DATA FOR REVIEW —
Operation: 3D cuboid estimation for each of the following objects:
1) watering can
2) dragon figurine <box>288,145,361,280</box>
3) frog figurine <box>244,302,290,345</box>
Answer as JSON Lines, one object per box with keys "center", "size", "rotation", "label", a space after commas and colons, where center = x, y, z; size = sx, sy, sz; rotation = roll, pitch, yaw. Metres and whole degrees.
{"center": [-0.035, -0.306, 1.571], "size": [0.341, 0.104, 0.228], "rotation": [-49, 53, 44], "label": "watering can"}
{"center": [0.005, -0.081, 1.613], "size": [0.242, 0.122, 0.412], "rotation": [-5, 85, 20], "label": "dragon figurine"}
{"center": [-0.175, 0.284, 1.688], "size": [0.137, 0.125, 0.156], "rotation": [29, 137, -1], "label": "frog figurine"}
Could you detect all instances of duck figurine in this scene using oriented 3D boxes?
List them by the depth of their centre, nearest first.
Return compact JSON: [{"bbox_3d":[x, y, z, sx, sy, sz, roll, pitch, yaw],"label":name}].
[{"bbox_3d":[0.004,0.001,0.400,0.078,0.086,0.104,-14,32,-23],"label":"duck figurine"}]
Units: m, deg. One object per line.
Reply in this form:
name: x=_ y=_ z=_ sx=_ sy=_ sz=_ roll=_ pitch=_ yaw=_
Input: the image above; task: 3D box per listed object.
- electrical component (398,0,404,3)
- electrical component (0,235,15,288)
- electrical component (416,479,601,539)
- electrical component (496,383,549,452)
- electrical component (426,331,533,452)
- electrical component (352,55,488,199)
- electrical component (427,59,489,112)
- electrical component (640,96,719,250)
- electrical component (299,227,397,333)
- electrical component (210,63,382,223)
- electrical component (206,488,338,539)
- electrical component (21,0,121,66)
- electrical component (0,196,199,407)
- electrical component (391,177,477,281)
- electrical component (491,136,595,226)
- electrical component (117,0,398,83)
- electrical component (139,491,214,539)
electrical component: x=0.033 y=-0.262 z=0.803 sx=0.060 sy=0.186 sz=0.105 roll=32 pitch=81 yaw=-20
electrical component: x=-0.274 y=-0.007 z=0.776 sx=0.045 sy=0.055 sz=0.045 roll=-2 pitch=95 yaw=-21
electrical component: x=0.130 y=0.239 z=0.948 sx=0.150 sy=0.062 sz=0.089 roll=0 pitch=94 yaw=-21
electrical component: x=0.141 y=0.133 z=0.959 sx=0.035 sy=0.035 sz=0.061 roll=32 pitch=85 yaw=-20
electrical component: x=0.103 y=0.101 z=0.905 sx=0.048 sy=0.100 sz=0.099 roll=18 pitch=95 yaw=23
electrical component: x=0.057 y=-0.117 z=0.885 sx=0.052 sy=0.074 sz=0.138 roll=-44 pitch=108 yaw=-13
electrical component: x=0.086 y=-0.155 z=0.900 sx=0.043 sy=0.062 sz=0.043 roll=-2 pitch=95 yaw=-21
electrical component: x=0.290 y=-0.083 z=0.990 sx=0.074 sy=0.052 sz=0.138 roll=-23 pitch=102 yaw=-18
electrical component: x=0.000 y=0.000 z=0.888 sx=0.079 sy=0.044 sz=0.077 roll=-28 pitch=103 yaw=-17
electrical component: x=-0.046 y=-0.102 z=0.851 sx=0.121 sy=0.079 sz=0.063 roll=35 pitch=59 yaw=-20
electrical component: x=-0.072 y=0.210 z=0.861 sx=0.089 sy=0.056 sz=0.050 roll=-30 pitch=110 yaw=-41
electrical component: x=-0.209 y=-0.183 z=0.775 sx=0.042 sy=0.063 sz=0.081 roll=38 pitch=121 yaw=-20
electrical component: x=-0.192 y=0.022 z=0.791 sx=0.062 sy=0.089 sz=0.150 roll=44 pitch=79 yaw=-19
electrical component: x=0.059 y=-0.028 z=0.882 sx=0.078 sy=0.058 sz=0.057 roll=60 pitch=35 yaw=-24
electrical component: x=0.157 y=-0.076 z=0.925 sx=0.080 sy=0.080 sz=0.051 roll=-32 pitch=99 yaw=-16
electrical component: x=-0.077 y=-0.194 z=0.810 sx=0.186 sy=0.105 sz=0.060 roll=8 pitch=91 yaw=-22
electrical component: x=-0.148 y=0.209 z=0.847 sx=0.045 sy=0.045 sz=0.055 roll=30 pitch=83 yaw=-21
==
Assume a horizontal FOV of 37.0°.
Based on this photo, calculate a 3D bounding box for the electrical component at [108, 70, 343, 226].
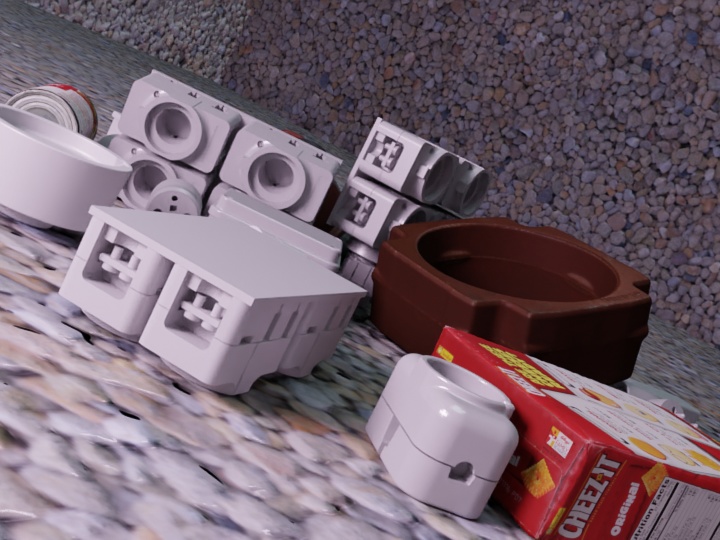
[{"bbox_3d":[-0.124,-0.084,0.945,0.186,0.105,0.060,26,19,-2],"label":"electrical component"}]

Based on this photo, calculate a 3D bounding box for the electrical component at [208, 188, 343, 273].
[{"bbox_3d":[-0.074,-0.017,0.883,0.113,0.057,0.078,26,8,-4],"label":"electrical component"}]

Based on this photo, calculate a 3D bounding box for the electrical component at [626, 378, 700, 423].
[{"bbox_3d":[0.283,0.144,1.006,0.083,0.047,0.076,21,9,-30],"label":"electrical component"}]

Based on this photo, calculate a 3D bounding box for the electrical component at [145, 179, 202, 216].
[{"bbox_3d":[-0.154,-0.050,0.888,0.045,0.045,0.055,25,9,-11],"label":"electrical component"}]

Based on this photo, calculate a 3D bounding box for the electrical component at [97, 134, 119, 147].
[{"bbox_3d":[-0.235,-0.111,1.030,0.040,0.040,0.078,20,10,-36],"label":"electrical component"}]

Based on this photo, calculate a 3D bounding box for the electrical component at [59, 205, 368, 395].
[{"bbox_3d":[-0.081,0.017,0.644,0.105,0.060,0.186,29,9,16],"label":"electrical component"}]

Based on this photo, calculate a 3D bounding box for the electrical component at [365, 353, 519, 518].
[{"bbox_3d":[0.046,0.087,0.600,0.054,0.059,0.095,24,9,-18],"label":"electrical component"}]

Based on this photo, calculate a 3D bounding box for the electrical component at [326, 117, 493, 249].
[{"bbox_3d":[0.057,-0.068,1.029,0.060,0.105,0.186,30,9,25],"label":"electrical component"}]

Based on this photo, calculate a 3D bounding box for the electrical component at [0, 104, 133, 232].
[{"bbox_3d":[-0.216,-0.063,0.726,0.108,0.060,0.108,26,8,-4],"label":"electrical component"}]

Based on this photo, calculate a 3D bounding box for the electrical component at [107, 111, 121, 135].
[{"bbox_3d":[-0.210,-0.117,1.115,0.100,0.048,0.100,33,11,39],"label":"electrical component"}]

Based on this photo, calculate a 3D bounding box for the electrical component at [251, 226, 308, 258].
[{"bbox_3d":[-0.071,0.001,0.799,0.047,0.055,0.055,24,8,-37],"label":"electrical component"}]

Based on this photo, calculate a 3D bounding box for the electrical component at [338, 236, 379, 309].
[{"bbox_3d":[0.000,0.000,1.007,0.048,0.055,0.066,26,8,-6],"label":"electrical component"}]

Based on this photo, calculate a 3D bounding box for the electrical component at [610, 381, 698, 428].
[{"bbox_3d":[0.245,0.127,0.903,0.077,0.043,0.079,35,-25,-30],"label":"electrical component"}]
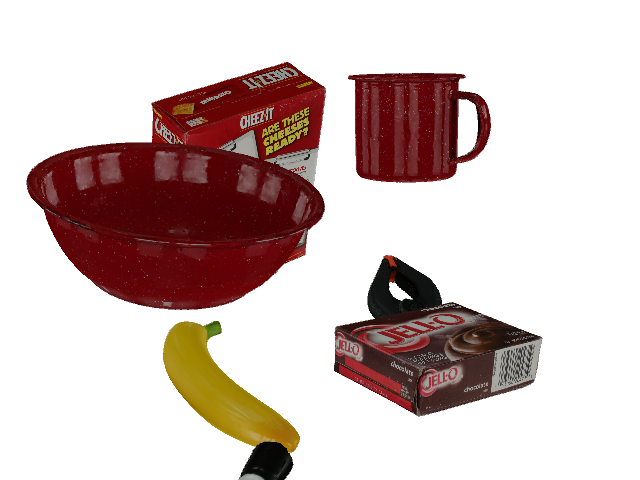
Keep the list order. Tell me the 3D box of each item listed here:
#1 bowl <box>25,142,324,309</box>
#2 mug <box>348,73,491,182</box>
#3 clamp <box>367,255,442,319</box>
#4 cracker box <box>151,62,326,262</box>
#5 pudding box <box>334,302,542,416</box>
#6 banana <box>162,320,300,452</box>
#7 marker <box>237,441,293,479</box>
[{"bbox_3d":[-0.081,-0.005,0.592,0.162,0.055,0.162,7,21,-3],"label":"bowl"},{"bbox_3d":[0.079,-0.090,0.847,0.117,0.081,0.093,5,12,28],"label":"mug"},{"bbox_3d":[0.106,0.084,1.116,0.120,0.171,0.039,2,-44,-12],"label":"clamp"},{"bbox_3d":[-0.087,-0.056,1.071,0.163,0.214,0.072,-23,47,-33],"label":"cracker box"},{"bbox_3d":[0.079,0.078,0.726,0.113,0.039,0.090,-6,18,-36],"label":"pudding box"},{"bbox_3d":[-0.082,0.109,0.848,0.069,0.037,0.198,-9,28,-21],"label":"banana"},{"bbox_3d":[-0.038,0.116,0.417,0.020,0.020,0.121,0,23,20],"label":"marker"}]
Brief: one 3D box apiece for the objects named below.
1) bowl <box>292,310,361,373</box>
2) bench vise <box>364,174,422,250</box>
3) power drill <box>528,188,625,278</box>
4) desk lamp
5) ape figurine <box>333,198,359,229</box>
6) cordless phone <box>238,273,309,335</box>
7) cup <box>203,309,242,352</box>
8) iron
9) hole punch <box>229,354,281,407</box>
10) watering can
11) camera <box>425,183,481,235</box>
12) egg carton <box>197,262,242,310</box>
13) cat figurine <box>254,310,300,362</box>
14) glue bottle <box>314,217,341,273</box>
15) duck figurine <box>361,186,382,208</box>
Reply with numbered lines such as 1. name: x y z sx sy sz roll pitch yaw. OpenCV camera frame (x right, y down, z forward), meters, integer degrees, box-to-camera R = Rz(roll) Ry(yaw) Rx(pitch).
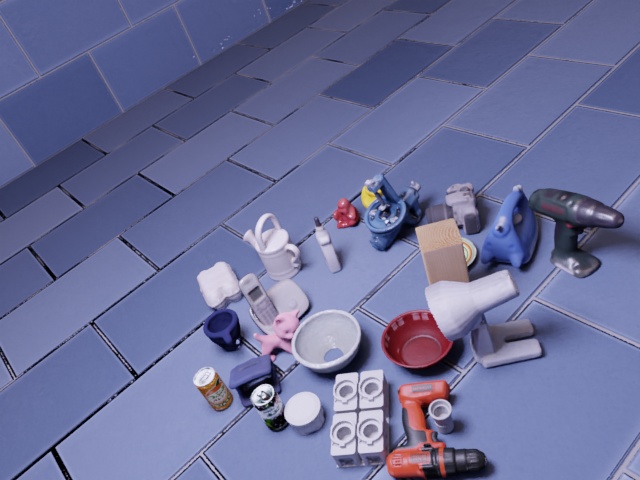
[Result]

DIRECTIONS FOR THIS TASK — Check every line of the records above for the string "each". Copy those that hold it.

ANSWER AREA —
Operation: 3D cuboid estimation for each of the following objects:
Keep the list order. Tell me the 3D box of each item listed here:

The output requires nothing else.